# Lifestyles & Discussion > Freedom Living >  Canneries

## tangent4ronpaul

There is a limited list of Community Canneries here:

http://www.pickyourown.org/canneries.htm

and here's a list of canneries in VA:

http://www.fst.vt.edu/extension/valu.../commcan1.html

These don't list LDS canneries that can often be used if you ask - even if you aren't  a Mormon.

Does anyone know of other sites that list canneries?

-t

----------


## Dieseler

> There is a limited list of Community Canneries here:
> 
> http://www.pickyourown.org/canneries.htm
> 
> and here's a list of canneries in VA:
> 
> http://www.fst.vt.edu/extension/valu.../commcan1.html
> 
> These don't list LDS canneries that can often be used if you ask - even if you aren't  a Mormon.
> ...


Thats a great site all around!
Once again Thanks tangent.

----------


## tmosley

None in Texas

----------


## Sandra

Can't you can at home?

----------


## tmosley

> Can't you can at home?


I can, but I need glass jars and such, and tend to lose some.  Industrial style canneries would use cheaper materials, so I could get a lot more done.

Last year I lost about 1/4 of my food due to broken jars and bad seals.  I had access to about 20 times as much as I processed, possibly a lot more if the results were positive.

----------


## Sandra

I've been dehydrating.

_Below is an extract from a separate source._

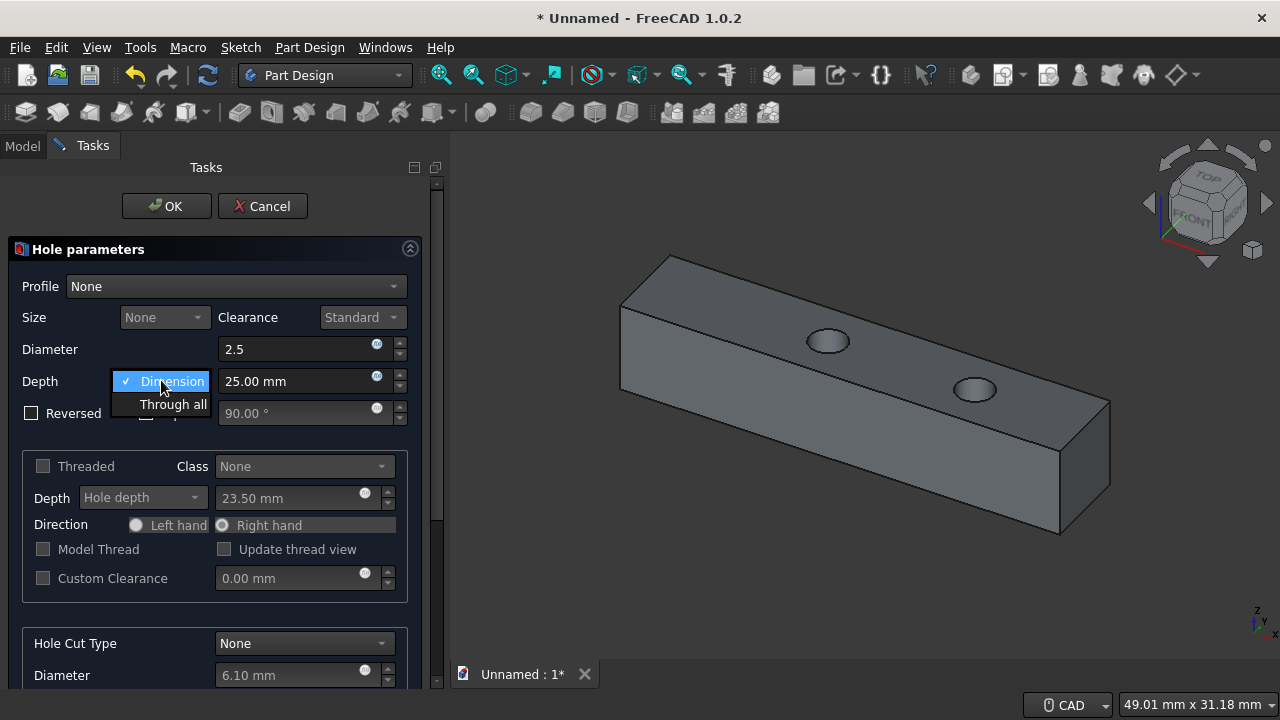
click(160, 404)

The hurricane busted all of our jars. I'm a fig freak and now they're all gone. I hate dehydrated figs though.

----------


## Athan

> I can, but I need glass jars and such, and tend to lose some.  Industrial style canneries would use cheaper materials, so I could get a lot more done.
> 
> Last year I lost about 1/4 of my food due to broken jars and bad seals.  I had access to about 20 times as much as I processed, possibly a lot more if the results were positive.


1. Get a glass jar and tin lid.

2. Can your $#@!.

3. Put to heat till $#@!ing hot.

4. Screw on lid (With mittens silly)

5. Freeze that son of a bitch.

The hot/cold temperatures will create a vacuum for you.

----------


## tmosley

It had bad seals because some of the food boiled over and left veg material running across the seal.  You don't have to freeze it.  In fact, if you froze it, you could burst your jars due to water ice expansion.

----------